As descrições de sentimentos que estavam trancafiados em mim e as palavras de como as pessoas não se importam com o que você passa, tava tudo lá descrito, nos mínimos detalhes. Tudo o que eu pensei durante os dias de angústia, de escuridão e eu não queria falar de nada, só ficar no meu canto. E ao mesmo tempo estava lutando a cada dia pra manter a memória viva de que meu pai ainda é uma parte de mim, são os mesmo sentimentos que Anna luta pra manter.
"Que você acorda todos os dias se perguntando por que você está viva e ele não."
A saudade é uma droga! E isso pode te manter presa no mesmo lugar pelo resto da vida. E pensava todos os dias que eu não queria esquecê-lo, como em "Um Lugar Pra Ficar" (da Cecelia Ahern) em que os esquecidos percebiam quando seus parentes tinham deixado de lutar e estava seguindo com a suas vidas. Não queria isso!

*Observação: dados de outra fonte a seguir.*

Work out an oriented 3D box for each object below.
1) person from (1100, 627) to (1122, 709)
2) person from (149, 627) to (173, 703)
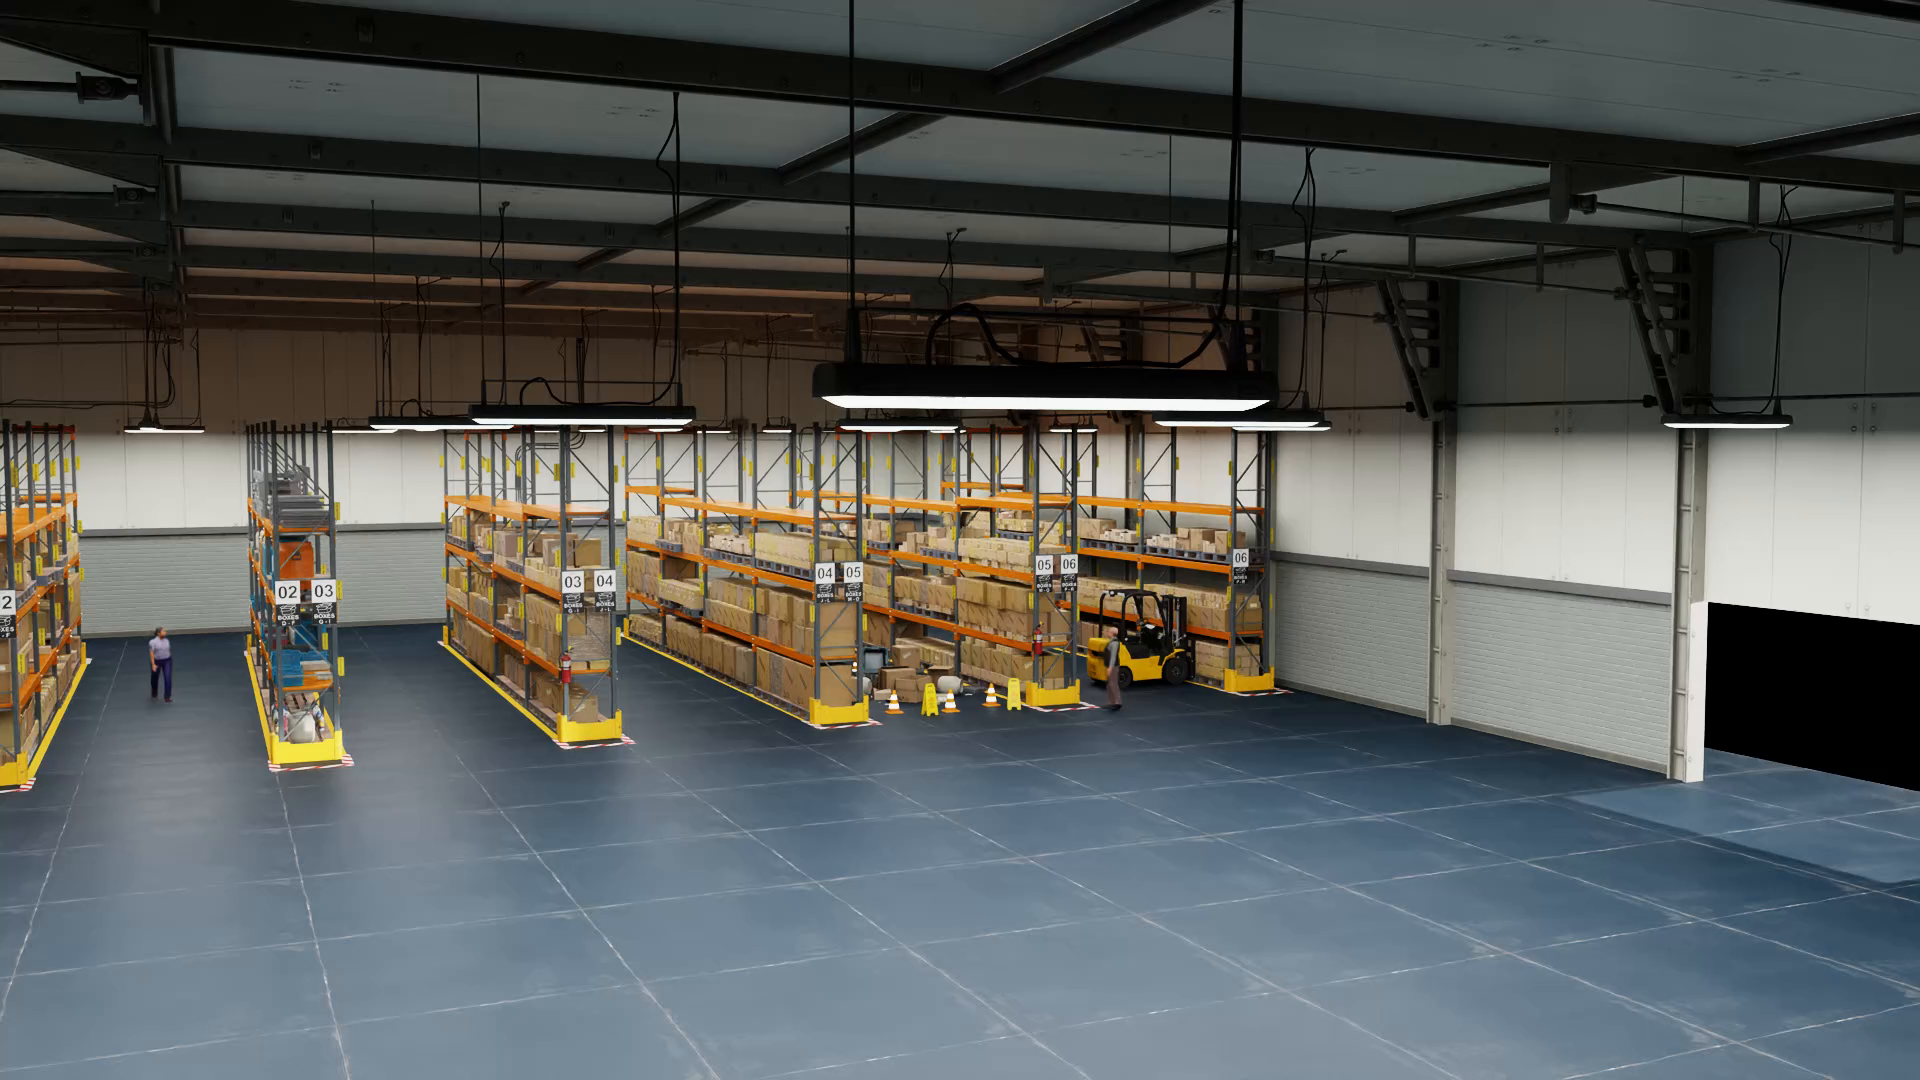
[{"bbox_3d":[3.175,2.689,34.841,0.429,1.733,0.552,-1,4,-17],"label":"person"},{"bbox_3d":[-17.191,2.664,35.796,0.457,1.616,0.665,-2,4,-27],"label":"person"}]

"Às vezes acho que nos sentimos culpados por estarmos felizes, e, assim que nos pegamos agindo como se tudo estivesse certo, alguém se lembra de que nada está certo."

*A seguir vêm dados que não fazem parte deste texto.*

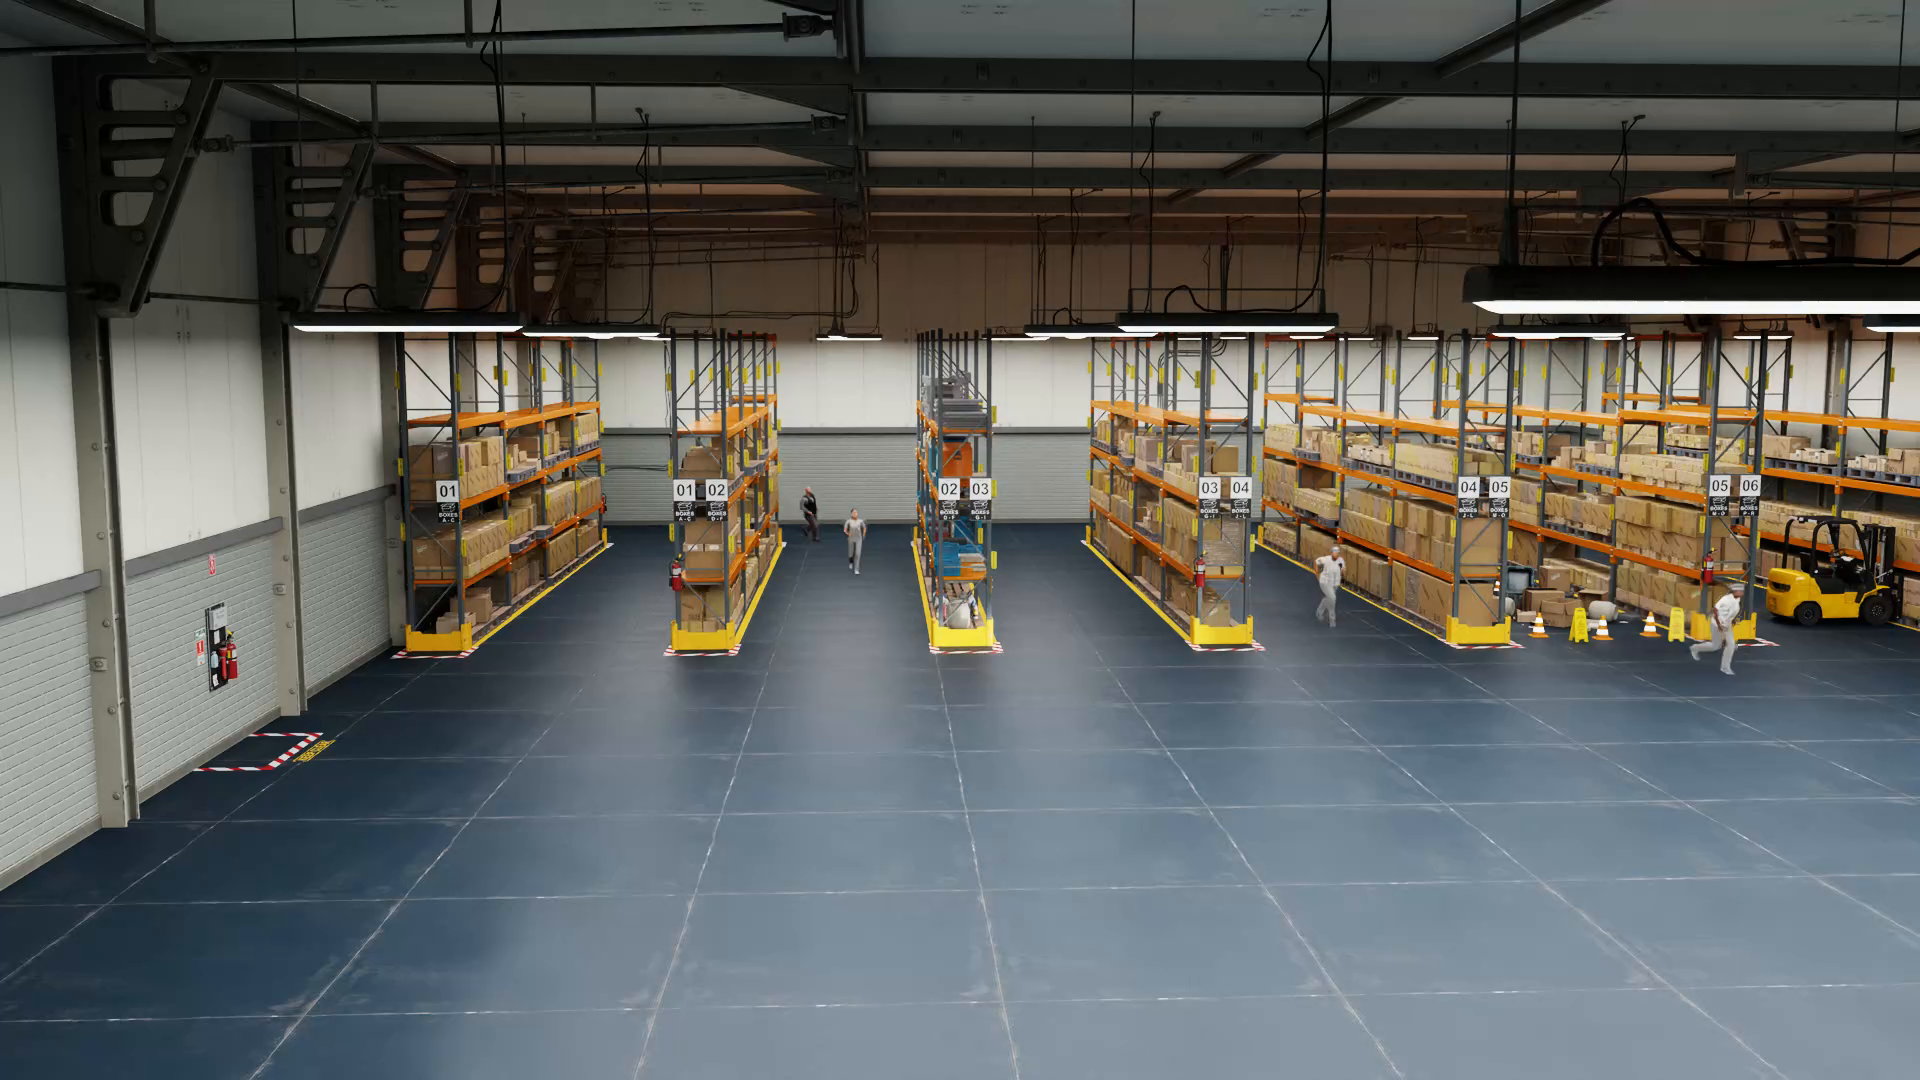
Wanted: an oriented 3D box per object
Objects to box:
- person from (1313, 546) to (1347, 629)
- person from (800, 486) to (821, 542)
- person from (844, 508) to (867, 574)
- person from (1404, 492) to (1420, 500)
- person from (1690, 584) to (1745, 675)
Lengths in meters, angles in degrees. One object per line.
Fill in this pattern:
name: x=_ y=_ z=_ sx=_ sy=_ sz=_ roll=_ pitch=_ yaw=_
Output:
person: x=7.513 y=0.936 z=33.915 sx=0.600 sy=1.676 sz=0.926 roll=-3 pitch=7 yaw=-21
person: x=-4.428 y=-0.753 z=48.147 sx=0.653 sy=1.640 sz=0.707 roll=3 pitch=8 yaw=26
person: x=-2.610 y=0.020 z=41.547 sx=0.574 sy=1.628 sz=0.758 roll=-1 pitch=7 yaw=-8
person: x=13.789 y=-1.113 z=50.624 sx=0.751 sy=1.823 sz=0.669 roll=-3 pitch=7 yaw=-23
person: x=13.293 y=1.530 z=29.172 sx=0.582 sy=1.619 sz=0.905 roll=-6 pitch=9 yaw=-40

Me levou também há lugares que eu quase não ia, como as lembranças do meu pai de alguma maneira bem (no começo da doença) e depois ficando cada dia mais doente, tendo o segundo AVC  e a cada dia mais longe de uma boa reabilitação. Eu simplesmente não me lembrava disso, só pensava em outras coisas, mas aí um livro de 288 páginas fez minha cabeça rodar e reviver isso tudo em 2 dias.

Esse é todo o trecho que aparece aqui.